Brooklyn Kids Absorb Culture to African Beat

The urgent rhythm of throbbing drums fills the air as the bare-chested young man faces the council of elders. This is the ceremony that will mark the boy's passage into manhood. With a sudden leap, he bursts into a dance of joy, using his body to describe both his individuality and his newfound authority. The elders nod approvingly and then open their arms to admit him into their midst, now one of the adults.

Until recently, this boy knew more about the intricacies of New York's subway system than he did about tribal ritual. And yet today he, and a few hundred of his young neighbors in Brooklyn's Bedford-Stuyvesant neighborhood, have a new grounding in African culture and customs, courtesy of a program called Dance Africa.

Dance Africa is a 20-year-long collaboration between the Brooklyn Academy of Music and the Bedford-Stuyvesant Restoration Corp. Working through various after-school and Saturday projects for youths sponsored by the Restoration Corp., the project teaches children about African history, art, geography, language - and dance.

Dance Africa is really just one piece of a larger movement to teach young African-Americans about their African roots. It has gained strength in the United States over the last 20 years or so.

"For a long time now black scholars and activists have made it very clear that black people need to be linked with their history," says Joyce Joyce, chairwoman of the African-American Studies Department at Philadelphia's Temple University.
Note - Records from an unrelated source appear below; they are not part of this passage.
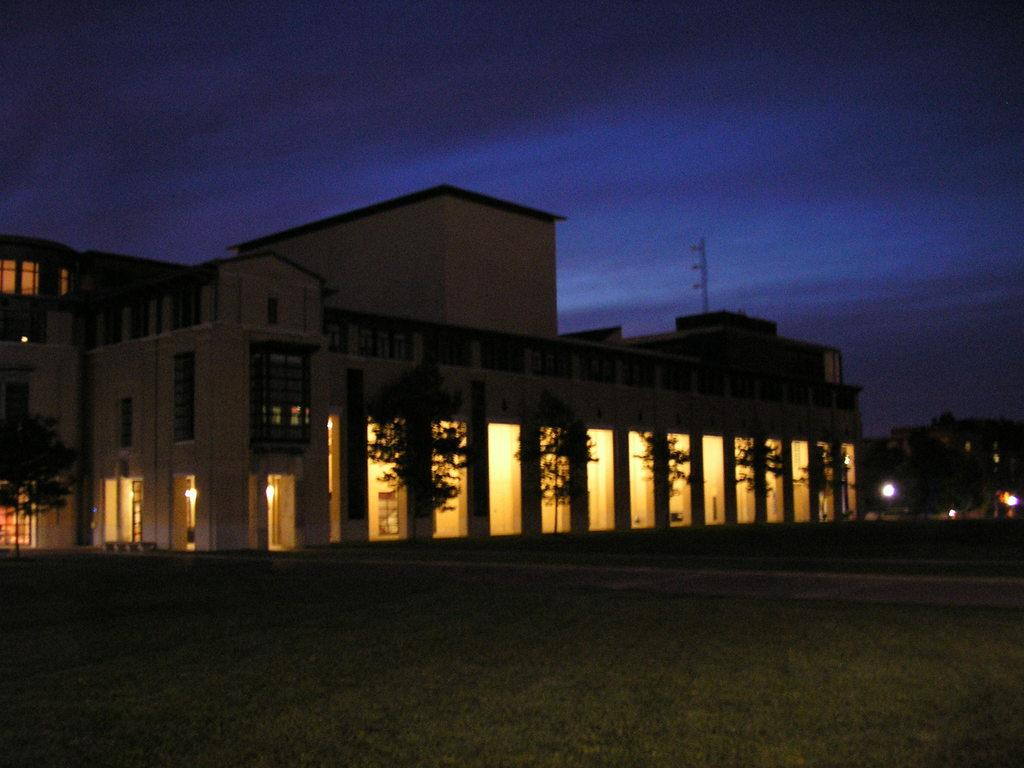What type of ground surface is visible in the image? There is grass on the ground in the image. What type of vegetation is present in the image? There are trees in the image. What type of structures are visible in the image? There are buildings in the image. What type of illumination is present in the image? There are lights in the image. What part of the natural environment is visible in the image? The sky is visible in the image. What type of gold object is visible in the image? There is no gold object present in the image. What type of juice can be seen being poured in the image? There is no juice or pouring action present in the image. 
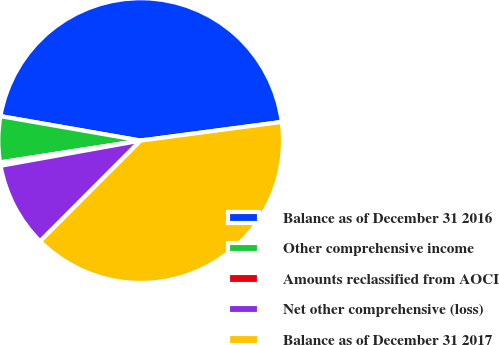<chart> <loc_0><loc_0><loc_500><loc_500><pie_chart><fcel>Balance as of December 31 2016<fcel>Other comprehensive income<fcel>Amounts reclassified from AOCI<fcel>Net other comprehensive (loss)<fcel>Balance as of December 31 2017<nl><fcel>45.16%<fcel>5.2%<fcel>0.38%<fcel>9.68%<fcel>39.58%<nl></chart> 
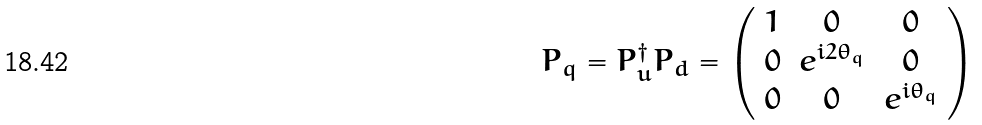Convert formula to latex. <formula><loc_0><loc_0><loc_500><loc_500>P _ { q } = P _ { u } ^ { \dag } P _ { d } = \left ( \begin{array} { c c c } 1 & 0 & 0 \\ 0 & e ^ { i 2 \theta _ { q } } & 0 \\ 0 & 0 & e ^ { i \theta _ { q } } \end{array} \right )</formula>

Due to the abrupt severing of family and cultural ties caused by slavery, "too many of us have little knowledge of our African heritage," Professor Joyce says. The 16-week Dance Africa program focuses on what was once known as "the Mali empire," the Western African region that includes Mali, Gambia, the Ivory Coast, and Senegal that was once home to most of the Africans forced into slavery.

Important tool

In a tough city neighborhood like Bedford-Stuyvesant - roughly a third of its residents live below the poverty level and about 40 percent did not complete high school - knowledge of the ancient Mali empire is viewed not as an academic luxury but as a tool for lifting consciousness.

Learning about African culture and tradition serves to both help the area's children "build self esteem" and "make their worlds bigger," says Peggy Alston, creative director of the Restoration Corp.

This year the focal point of Dance Africa was a traditional African rite-of-passage ceremony involving 16 neighborhood adolescents.

The boys worked for months with a "council of elders," a group of older men who volunteered to mentor the boys. The boys and elders spent time together eating in African restaurants, visiting museums, and sharing ideas and advice.

Jonathan Robinson, a professional dancer and teacher volunteered to serve as an elder because he wanted to extend his sense of family to include his community. "It's important that everybody feel as though they belong, that they're loved," he says. He says he became interested in African culture as a college student, and adds that for many young men that knowledge will add "fuel to the fire of their lives."

Mr. Robinson was "the coolest" of all the mentors, says Sekou Torbert, a young teen who was recently cast as a dancer in the Broadway hit "Bring In 'Da Noise/Bring In 'Da Funk."

"He told us everything real about life," Sekou says. "About women, about our health, how we should take care of ourselves and carry ourselves with respect." As a young African-American, Sekou says he finds "everything about African culture inspiring."

Educator Walter Gholson set up a rite-of-passage program in Chicago as part of a project sponsored by AT&T from 1995 through 1997. He believes the interaction between the elders and the boys is especially important in African-American communities because "as a people we've been cut off from the wisdom of our elders. How can you understand your potential unless you understand the accomplishments of your ancestors?"

The boys and their ceremony were the center of the project this year, but several hundred other boys and girls participated too, with many choosing to learn traditional African dances. They performed these alongside professional African dance troupes at the Brooklyn Academy of Music's annual Dance Africa program last month.

After-school work

But dance is not the whole of the project. In an after-school program called Safe Haven, the children also learn to make African masks, pick up bits of different African languages, study maps, and read up on various African countries.

Although the program is not connected to their schools, and the children earn no academic credit for these activities, many pour remarkable amounts of time and energy into the project.

Ms. Alston proudly shows a visitor file folders full of neatly handwritten reports that some of the children did on places - in Africa and elsewhere - that they would like to visit.

When it comes to learning about Africa, says Alston, the children "soak it up like sponges."